The names of the months September, October, November, and December (seventh, eighth, ninth, tenth) preserve the prehistoric Roman practice of observing March 1 as New Year’s Day; September is the seventh month counting from the first month of March. March 1 was also the beginning of the year among the Franks until the eighth century, and also among the Turks and the Russians.

There was, nonetheless, an old and persistent tradition that recognized January 1 as New Year’s Day. In 153 B.C.E. the Roman consuls entered office on January 1, the beginning of the month immediately following the winter solstice, indicating that that date was being accepted by the Roman Empire as the beginning of the year. When Julius Caesar reorganized the Roman calendar in 46 B.C.E., the beginning of the year was set on January 1, and it was celebrated by the “saturnalia.”
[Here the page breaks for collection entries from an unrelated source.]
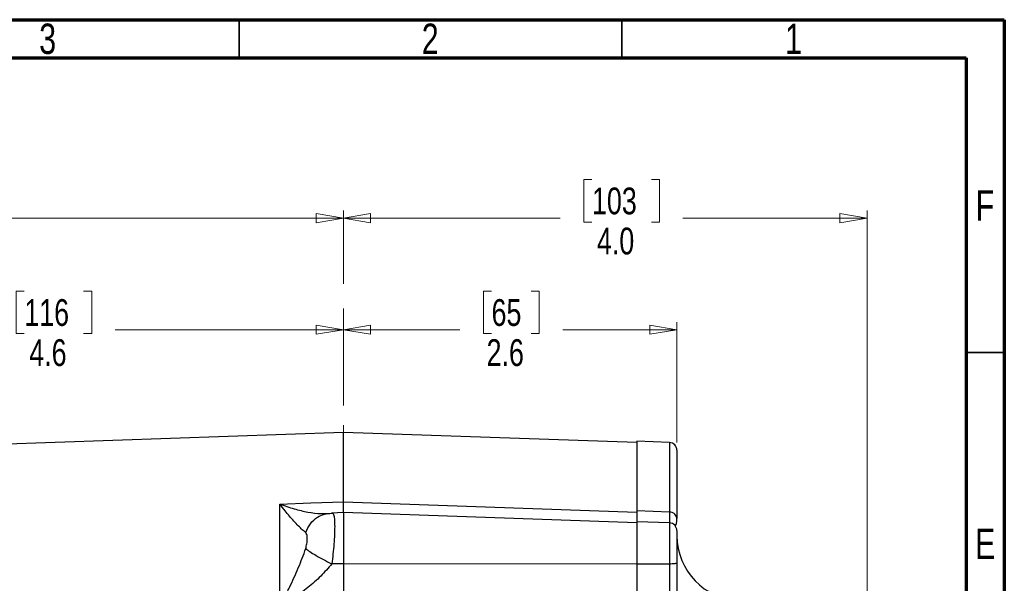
# Model space of a CAD drawing. Header units: inches. Extents: x 0.6 to 16.3, y 0.2 to 11.5.
# Tile 18 of 18: x 11.3 to 16.3, y 8.6 to 11.5. Entities that reach past the tile are written whole.
import ezdxf

# ---------------------------------------------------------------- set-up
doc = ezdxf.new("R2010")
doc.units = ezdxf.units.IN
doc.header["$MEASUREMENT"] = 0
doc.linetypes.add('CENTERX2', pattern=[0.8, 0.5, -0.1, 0.1, -0.1])
doc.styles.add('SLDTEXTSTYLE0', font='TXT', dxfattribs={"width": 0.75})
doc.dimstyles.new('SLDDIMSTYLE0', dxfattribs={"dimtxt": 0.137795, "dimasz": 0.14, "dimexe": 0, "dimexo": 0.0625, "dimgap": 0.034449, "dimtad": 0, "dimdec": 1, "dimlfac": 1.5, "dimrnd": 1e-09, "dimzin": 12, "dimdsep": 46, "dimtxsty": 'SLDTEXTSTYLE0', "dimblk1": 'CLOSED', "dimblk2": 'CLOSED', "dimsah": 1, "dimcen": 0.09, "dimadec": 0, "dimazin": 3, "dimtfac": 1, "dimtdec": 1, "dimtofl": 0, "dimtmove": 0, "dimatfit": 3, "dimldrblk": 'CLOSED', "dimfxl": 0, "dimfrac": 2, "dimtolj": 1, "dimtzin": 12, "dimarcsym": 0})
doc.dimstyles.new('SLDDIMSTYLE3', dxfattribs={"dimtxt": 0.137795, "dimasz": 0.14, "dimexe": 0, "dimexo": 0.0625, "dimgap": 0.034449, "dimtad": 0, "dimdec": 1, "dimlfac": 1.5, "dimrnd": 1e-09, "dimzin": 12, "dimdsep": 46, "dimtxsty": 'SLDTEXTSTYLE0', "dimblk1": 'CLOSED', "dimblk2": 'CLOSED', "dimsah": 1, "dimcen": 0.09, "dimadec": 0, "dimazin": 3, "dimtfac": 1, "dimtofl": 0, "dimtmove": 0, "dimatfit": 3, "dimldrblk": 'CLOSED', "dimfxl": 0, "dimfrac": 2, "dimtolj": 1, "dimtzin": 12, "dimarcsym": 0})
doc.dimstyles.new('SLDDIMSTYLE4', dxfattribs={"dimtxt": 0.137795, "dimasz": 0.14, "dimexe": 0, "dimexo": 0.0625, "dimgap": 0.034449, "dimtad": 0, "dimdec": 1, "dimlfac": 1.5, "dimrnd": 1e-09, "dimzin": 4, "dimdsep": 46, "dimtxsty": 'SLDTEXTSTYLE0', "dimblk1": 'CLOSED', "dimblk2": 'CLOSED', "dimsah": 1, "dimcen": 0.09, "dimadec": 0, "dimazin": 1, "dimtfac": 1, "dimtdec": 1, "dimtofl": 0, "dimtmove": 0, "dimatfit": 3, "dimldrblk": 'CLOSED', "dimfxl": 0, "dimfrac": 2, "dimtolj": 1, "dimtzin": 12, "dimarcsym": 0})

# ---------------------------------------------------------------- blocks, each defined once
blk = doc.blocks.new('_Closed')
at = {"color": 0, "linetype": 'ByBlock', "lineweight": -2}
for p, q in [((-1, 0.166667), (0, 0)), ((-1, 0.166667), (-1, -0.166667)), ((0, 0), (-1, -0.166667)), ((0, 0), (-1, 0))]:
    blk.add_line(p, q, dxfattribs=at)
blk = doc.blocks.new('_D_7')
at = {"color": 7, "linetype": 'Continuous', "lineweight": 0}
for p, q in [((13.6999, 10.0993), (13.6579, 10.0993)), ((13.6579, 10.0993), (13.6579, 9.8806)), ((13.9035, 10.0993), (13.9455, 10.0993)), ((13.9455, 10.0993), (13.9455, 9.8806)), ((14.6538, 9.3201), (14.6538, 9.9402)), ((12.9374, 9.9008), (13.537, 9.9008)), ((13.6579, 9.8806), (13.6999, 9.8806)), ((13.9455, 9.8806), (13.9035, 9.8806)), ((14.6538, 9.9008), (14.0663, 9.9008))]:
    blk.add_line(p, q, dxfattribs=at)
at = {"color": 7, "linetype": 'Continuous', "lineweight": 18, "xscale": 0.14, "yscale": 0.14, "rotation": 180.0000000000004}
blk.add_blockref('_Closed', (12.9374, 9.9008), dxfattribs=at)
at = {"color": 7, "linetype": 'Continuous', "lineweight": 18, "xscale": 0.14, "yscale": 0.14}
blk.add_blockref('_Closed', (14.6538, 9.9008), dxfattribs=at)
at = {"color": 7, "linetype": 'Continuous', "lineweight": 18, "char_height": 0.1378, "attachment_point": 1, "style": 'SLDTEXTSTYLE0'}
for s, insert in [('65', (13.6999, 10.0582)), ('2.6', (13.6744, 9.852))]:
    blk.add_mtext(s, dxfattribs=dict(at, insert=insert))
blk = doc.blocks.new('_D_8')
at = {"color": 7, "linetype": 'Continuous', "lineweight": 0}
for p, q in [((14.2167, 10.6735), (14.1748, 10.6735)), ((14.1748, 10.6735), (14.1748, 10.4547)), ((14.5222, 10.6735), (14.5642, 10.6735)), ((14.5642, 10.6735), (14.5642, 10.4547)), ((12.9374, 10.1367), (12.9374, 10.5144)), ((15.6324, 7.7628), (15.6324, 10.5144)), ((12.9374, 10.475), (14.0539, 10.475)), ((14.1748, 10.4547), (14.2167, 10.4547)), ((14.5642, 10.4547), (14.5222, 10.4547)), ((15.6324, 10.475), (14.685, 10.475))]:
    blk.add_line(p, q, dxfattribs=at)
at = {"color": 7, "linetype": 'Continuous', "lineweight": 18, "xscale": 0.14, "yscale": 0.14, "rotation": 180.0000000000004}
blk.add_blockref('_Closed', (12.9374, 10.475), dxfattribs=at)
at = {"color": 7, "linetype": 'Continuous', "lineweight": 18, "xscale": 0.14, "yscale": 0.14}
blk.add_blockref('_Closed', (15.6324, 10.475), dxfattribs=at)
at = {"color": 7, "linetype": 'Continuous', "lineweight": 18, "char_height": 0.1378, "attachment_point": 1, "style": 'SLDTEXTSTYLE0'}
for s, insert in [('103', (14.2167, 10.6324)), ('4.0', (14.2422, 10.4262))]:
    blk.add_mtext(s, dxfattribs=dict(at, insert=insert))
blk = doc.blocks.new('_D_9')
at = {"color": 7, "linetype": 'Continuous', "lineweight": 0}
for p, q in [((11.2954, 10.0993), (11.2534, 10.0993)), ((11.2534, 10.0993), (11.2534, 9.8806)), ((11.6008, 10.0993), (11.6428, 10.0993)), ((11.6428, 10.0993), (11.6428, 9.8806)), ((9.8921, 8.7782), (9.8921, 9.9402)), ((9.8921, 9.9008), (11.1326, 9.9008)), ((11.2534, 9.8806), (11.2954, 9.8806)), ((11.6428, 9.8806), (11.6008, 9.8806)), ((12.9374, 9.9008), (11.7637, 9.9008))]:
    blk.add_line(p, q, dxfattribs=at)
at = {"color": 7, "linetype": 'Continuous', "lineweight": 18, "xscale": 0.14, "yscale": 0.14, "rotation": 180.0000000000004}
blk.add_blockref('_Closed', (9.8921, 9.9008), dxfattribs=at)
at = {"color": 7, "linetype": 'Continuous', "lineweight": 18, "xscale": 0.14, "yscale": 0.14}
blk.add_blockref('_Closed', (12.9374, 9.9008), dxfattribs=at)
at = {"color": 7, "linetype": 'Continuous', "lineweight": 18, "char_height": 0.1378, "attachment_point": 1, "style": 'SLDTEXTSTYLE0'}
for s, insert in [('116', (11.2954, 10.0582)), ('4.6', (11.3209, 9.852))]:
    blk.add_mtext(s, dxfattribs=dict(at, insert=insert))
blk = doc.blocks.new('_D_10')
at = {"color": 7, "linetype": 'Continuous', "lineweight": 0}
for p, q in [((10.4919, 10.6735), (10.45, 10.6735)), ((10.45, 10.6735), (10.45, 10.4547)), ((10.7974, 10.6735), (10.8394, 10.6735)), ((10.8394, 10.6735), (10.8394, 10.4547)), ((8.5754, 8.948), (8.5754, 10.5144)), ((12.9374, 10.1367), (12.9374, 10.5144)), ((8.5754, 10.475), (10.3291, 10.475)), ((10.45, 10.4547), (10.4919, 10.4547)), ((10.8394, 10.4547), (10.7974, 10.4547)), ((12.9374, 10.475), (10.9602, 10.475))]:
    blk.add_line(p, q, dxfattribs=at)
at = {"color": 7, "linetype": 'Continuous', "lineweight": 18, "xscale": 0.14, "yscale": 0.14, "rotation": 180.0000000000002}
blk.add_blockref('_Closed', (8.5754, 10.475), dxfattribs=at)
at = {"color": 7, "linetype": 'Continuous', "lineweight": 18, "xscale": 0.14, "yscale": 0.14}
blk.add_blockref('_Closed', (12.9374, 10.475), dxfattribs=at)
at = {"color": 7, "linetype": 'Continuous', "lineweight": 18, "char_height": 0.1378, "attachment_point": 1, "style": 'SLDTEXTSTYLE0'}
for s, insert in [('166', (10.4919, 10.6324)), ('6.5', (10.5174, 10.4262))]:
    blk.add_mtext(s, dxfattribs=dict(at, insert=insert))

msp = doc.modelspace()

# ---------------------------------------------------------------- linework, layer by layer
at = {"color": 7, "linetype": 'Continuous', "lineweight": 70}
for p, q in [((0.5906, 11.4961), (16.3386, 11.4961)), ((16.3386, 11.4961), (16.3386, 0.1969)), ((0.7874, 11.2992), (16.1417, 11.2992)), ((16.1417, 11.2992), (16.1417, 0.3937))]:
    msp.add_line(p, q, dxfattribs=at)
at = {"color": 7, "linetype": 'Continuous', "lineweight": 35}
for p, q in [((12.4016, 11.2992), (12.4016, 11.4961)), ((14.3701, 11.2992), (14.3701, 11.4961)), ((16.1417, 9.7835), (16.3386, 9.7835))]:
    msp.add_line(p, q, dxfattribs=at)
at = {"color": 7, "linetype": 'CENTERX2', "lineweight": 18}
msp.add_line((12.9374, 3.9104), (12.9374, 10.0973), dxfattribs=at)
at = {"color": 7, "linetype": 'Continuous', "lineweight": 25}
for p, q in [((12.9374, 9.3727), (10.5763, 9.2902)), ((14.4471, 9.32), (12.9374, 9.3727)), ((12.9374, 9.0153), (12.9374, 9.3727)), ((14.6152, 9.3207), (14.4471, 9.3266)), ((14.4471, 9.3266), (14.4471, 8.9683)), ((12.6099, 9.0038), (12.7708, 9.0094)), ((12.6099, 8.4734), (12.6099, 9.0038)), ((12.7708, 9.0094), (12.9374, 9.0153)), ((12.9374, 9.0153), (14.4471, 8.9623)), ((14.6152, 8.9623), (14.4471, 8.9683)), ((14.4471, 8.9683), (14.4471, 8.9623)), ((12.8849, 8.9552), (12.8416, 8.9522)), ((12.9374, 8.9598), (12.877, 8.9577)), ((14.4471, 8.9071), (12.9374, 8.9598)), ((12.9374, 8.9598), (12.9374, 8.6962)), ((14.4471, 8.9183), (14.4471, 8.9121)), ((14.6152, 8.907), (14.4471, 8.9128)), ((14.4471, 8.9128), (14.4471, 8.695)), ((12.9374, 8.6962), (12.8773, 8.6961)), ((14.4471, 8.6944), (12.9374, 8.6962)), ((14.6152, 8.6949), (14.4471, 8.695))]:
    msp.add_line(p, q, dxfattribs=at)
at = {"color": 8, "linetype": 'Continuous', "lineweight": 25}
for p, q in [((14.6152, 9.3207), (14.6152, 8.9623)), ((14.6152, 8.907), (14.6152, 8.6949))]:
    msp.add_line(p, q, dxfattribs=at)
at = {"color": 7, "linetype": 'Continuous', "lineweight": 25}
for centre, radius, start, end in [((14.6138, 9.2807), 0.04, 0, 88), ((14.6138, 8.867), 0.04, 0, 88), ((14.9871, 8.8407), 0.3333, 180, 268)]:
    msp.add_arc(centre, radius, start, end, dxfattribs=at)
for points, knots in [([(14.6538, 9.2807), (14.6538, 9.2787), (14.6538, 9.2746), (14.6538, 9.2417), (14.6538, 9.1904), (14.6538, 9.1201), (14.6538, 9.0346), (14.6538, 8.9643), (14.6538, 8.9295)], [0, 0, 0, 0, 0.171594, 0.342271, 0.511803, 0.677325, 0.840122, 1, 1, 1, 1]), ([(12.7436, 8.8571), (12.7379, 8.8617), (12.7259, 8.8712), (12.7053, 8.8915), (12.6832, 8.9151), (12.6602, 8.9413), (12.6359, 8.9706), (12.6191, 8.9921), (12.6099, 9.0038)], [0, 0, 0, 0, 0.148634, 0.307878, 0.478548, 0.643401, 0.806559, 1, 1, 1, 1]), ([(12.6099, 9.0038), (12.6347, 8.9951), (12.684, 8.9779), (12.7551, 8.9616), (12.8218, 8.9523), (12.8591, 8.9552), (12.8773, 8.9566)], [0, 0, 0, 0, 0.257956, 0.513515, 0.761774, 1, 1, 1, 1]), ([(12.9374, 8.9584), (12.9374, 8.9583), (12.9374, 8.9578), (12.9374, 8.9668), (12.9374, 8.985), (12.9374, 9.0052), (12.9374, 9.0153)], [0, 0, 0, 0, 0.079364, 0.386232, 0.693106, 1, 1, 1, 1]), ([(14.4471, 8.9683), (14.4471, 8.9571), (14.4471, 8.9366), (14.4471, 8.9215), (14.4471, 8.9185), (14.4471, 8.9183)], [0, 0, 0, 0, 0.526112, 0.974232, 1, 1, 1, 1]), ([(12.7436, 8.8571), (12.7508, 8.873), (12.7652, 8.9049), (12.8007, 8.936), (12.839, 8.954), (12.8645, 8.9558), (12.8773, 8.9566)], [0, 0, 0, 0, 0.279793, 0.559585, 0.779794, 1, 1, 1, 1]), ([(12.8421, 8.9529), (12.8423, 8.953), (12.8429, 8.9534), (12.84, 8.9537), (12.8379, 8.954)], [0, 0, 0, 0, 0.2472043, 1, 1, 1, 1]), ([(12.8803, 8.9565), (12.8817, 8.9572), (12.8835, 8.9582), (12.8845, 8.9551), (12.8848, 8.9545)], [0, 0, 0, 0, 0.775608, 1, 1, 1, 1]), ([(14.6459, 8.8933), (14.6468, 8.8938), (14.649, 8.895), (14.6511, 8.9032), (14.6528, 8.912), (14.6537, 8.9207), (14.6537, 8.9264), (14.6538, 8.9291)], [0, 0, 0, 0, 0.198622, 0.477958, 0.693876, 0.858994, 1, 1, 1, 1]), ([(12.7436, 8.7747), (12.7458, 8.7832), (12.7506, 8.8019), (12.7517, 8.8263), (12.7506, 8.847), (12.7458, 8.8539), (12.7436, 8.8571)], [0, 0, 0, 0, 0.227227, 0.499835, 0.772734, 1, 1, 1, 1]), ([(14.6538, 8.8661), (14.6538, 8.8663), (14.6538, 8.867), (14.6538, 8.86), (14.6538, 8.8457), (14.6538, 8.8245), (14.6538, 8.798), (14.6538, 8.7672), (14.6538, 8.7337), (14.6538, 8.7111), (14.6538, 8.7)], [0, 0, 0, 0, 0.057222, 0.19342, 0.329618, 0.46228, 0.594942, 0.73114, 0.867338, 1, 1, 1, 1]), ([(12.6099, 8.4734), (12.6183, 8.4901), (12.6352, 8.5233), (12.6596, 8.5734), (12.6832, 8.624), (12.7053, 8.6743), (12.7259, 8.7244), (12.7379, 8.7583), (12.7436, 8.7747)], [0, 0, 0, 0, 0.1785462, 0.3565956, 0.5214521, 0.6921189, 0.8513652, 1, 1, 1, 1]), ([(12.7436, 8.7747), (12.7499, 8.7699), (12.7625, 8.7603), (12.7948, 8.7404), (12.8338, 8.7184), (12.8628, 8.7035), (12.8773, 8.6961)], [0, 0, 0, 0, 0.250008, 0.500012, 0.750004, 1, 1, 1, 1]), ([(12.8773, 8.6961), (12.8591, 8.6745), (12.8218, 8.6305), (12.7551, 8.5734), (12.684, 8.5202), (12.6347, 8.4891), (12.6099, 8.4734)], [0, 0, 0, 0, 0.238226, 0.486485, 0.742044, 1, 1, 1, 1]), ([(12.9374, 8.6962), (12.9374, 8.6769), (12.9374, 8.6384), (12.9374, 8.5812), (12.9374, 8.5263), (12.9374, 8.4934), (12.9374, 8.4769)], [0, 0, 0, 0, 0.249999, 0.499991, 0.749988, 1, 1, 1, 1]), ([(14.4471, 8.695), (14.4471, 8.6733), (14.4471, 8.6333), (14.4471, 8.5747), (14.4471, 8.5178), (14.4471, 8.4827), (14.4471, 8.4639)], [0, 0, 0, 0, 0.266854, 0.494133, 0.728007, 1, 1, 1, 1]), ([(14.6152, 8.6949), (14.6152, 8.6764), (14.6152, 8.6433), (14.6153, 8.5991), (14.6153, 8.5626), (14.6153, 8.5339), (14.6152, 8.5065), (14.6152, 8.4836), (14.6152, 8.4685), (14.6152, 8.4621)], [0, 0, 0, 0, 0.2271673, 0.4056622, 0.5434047, 0.6819465, 0.778223, 0.9068661, 1, 1, 1, 1]), ([(14.6538, 8.7), (14.6538, 8.6772), (14.6538, 8.6315), (14.6538, 8.5633), (14.6538, 8.4977), (14.6538, 8.4588), (14.6538, 8.4393)], [0, 0, 0, 0, 0.2500054, 0.5000378, 0.7499991, 1, 1, 1, 1])]:
    msp.add_open_spline(points, degree=3, knots=knots, dxfattribs=at)
at = {"color": 8, "linetype": 'Continuous', "lineweight": 25}
for points, knots in [([(12.8848, 8.9545), (12.8862, 8.9518), (12.8894, 8.9459), (12.892, 8.9231), (12.893, 8.8897), (12.8921, 8.8472), (12.8892, 8.799), (12.8845, 8.7476), (12.8797, 8.7132), (12.8773, 8.6961)], [0, 0, 0, 0, 0.121718, 0.268427, 0.417444, 0.566293, 0.712891, 0.857403, 1, 1, 1, 1]), ([(14.6152, 8.9623), (14.6152, 8.9581), (14.6152, 8.9481), (14.6152, 8.9359), (14.6153, 8.9242), (14.6153, 8.9142), (14.6153, 8.9084), (14.6153, 8.9069), (14.6153, 8.9066)], [0, 0, 0, 0, 0.147005, 0.350059, 0.502025, 0.720703, 0.93812, 1, 1, 1, 1])]:
    msp.add_open_spline(points, degree=3, knots=knots, dxfattribs=at)
at = {"color": 7, "linetype": 'Continuous', "lineweight": 25}
for points in [[(14.6538, 8.9295), (14.6532, 8.9337), (14.652, 8.9421), (14.6432, 8.9528), (14.6305, 8.9605), (14.6203, 8.9617), (14.6152, 8.9623)], [(14.6538, 8.7), (14.6532, 8.6994), (14.652, 8.6981), (14.6432, 8.6964), (14.6305, 8.6952), (14.6203, 8.695), (14.6152, 8.6949)]]:
    msp.add_open_spline(points, degree=3, dxfattribs=at)

# ---------------------------------------------------------------- texts
at = {"color": 7, "linetype": 'Continuous', "lineweight": 0, "char_height": 0.1562, "attachment_point": 2, "style": 'SLDTEXTSTYLE0'}
for s, insert in [('3', (11.4157, 11.476)), ('2', (13.3843, 11.476)), ('1', (15.2543, 11.476)), ('F', (16.2385, 10.6174)), ('E', (16.2405, 8.8775))]:
    msp.add_mtext(s, dxfattribs=dict(at, insert=insert))

# ---------------------------------------------------------------- dimensions: what is measured, and where the dimension line sits
at = {"color": 7, "linetype": 'Continuous', "lineweight": 18}
for base, p1, p2, dimstyle, picture, middle in [((12.9374, 10.475), (8.5754, 8.9086), (12.9374, 10.0973), 'SLDDIMSTYLE0', '_D_10', (10.6447, 10.475)), ((15.6324, 10.475), (12.9374, 10.0973), (15.6324, 7.7234), 'SLDDIMSTYLE4', '_D_8', (14.3695, 10.475)), ((12.9374, 9.9008), (9.8921, 8.7388), (12.9374, 10.0973), 'SLDDIMSTYLE3', '_D_9', (11.4481, 9.9008)), ((14.6538, 9.9008), (12.9374, 10.0973), (14.6538, 9.2807), 'SLDDIMSTYLE3', '_D_7', (13.8017, 9.9008))]:
    dim = msp.add_linear_dim(base=base, p1=p1, p2=p2, dimstyle=dimstyle, dxfattribs=at)
    dim.commit()
    dim.dimension.update_dxf_attribs({"geometry": picture, "text_midpoint": middle, "dimtype": 160})

doc.saveas('drawing.dxf')

The observance of January 1 as New Year’s Day was increasingly frequent from the thirteenth century under the influence of Roman law and later humanism, in France in 1563, in Scotland in 1600, in Russia in 1700. In 1582 Gregory XIII reformed the calendar and set the beginning of the year on January 1. The adoption of the Gregorian date spread slowly. It was not accepted in England and the American colonies until 1752.

In the pagan world New Year’s Day was a celebration in honor of Janus, the god who faces two directions, and the celebration was a time of widespread revelry and license. For some centuries, therefore, the Christian church gave no liturgical notice to the day whatever. “I see you have come here,” St. Augustine is reported to have said to the crowds in church on January 1, “as if we had a feast today.” When the church noted the day at all, it was kept as a day of fasting and penitence. Several early missals provided a mass for use on January 1 against idolatrous practices. “During these days when they revel,” Augustine declared, “we observe a fast in order to pray for them,” church attendance being seen as an antidote to participation in pagan revels. In a sermon for this day (no. 198), Augustine said, “Let them get drunk; you should fast. Let them rush to the theater; you should rush to church.” (Watch Night services on New Year’s Eve, popular especially among Methodists, are a modern equivalent.) The Second Council of Tours (567) prescribed penitential devotions modeled on the Lenten fast for the first three days of January in an effort to eliminate pagan practice. In the year 633, the Fourth Council of Toledo in Spain prescribed a strict fast and abstinence for January 1, and it became a day of such solemnity that “Alleluia” was omitted from the liturgy as it was during Lent. Throughout the church in these centuries there were repeated prohibitions against participation by Christians in the revels of the new year. The continued repetition of the prohibitions indicates that although the church opposed the celebration, the people continued their revels.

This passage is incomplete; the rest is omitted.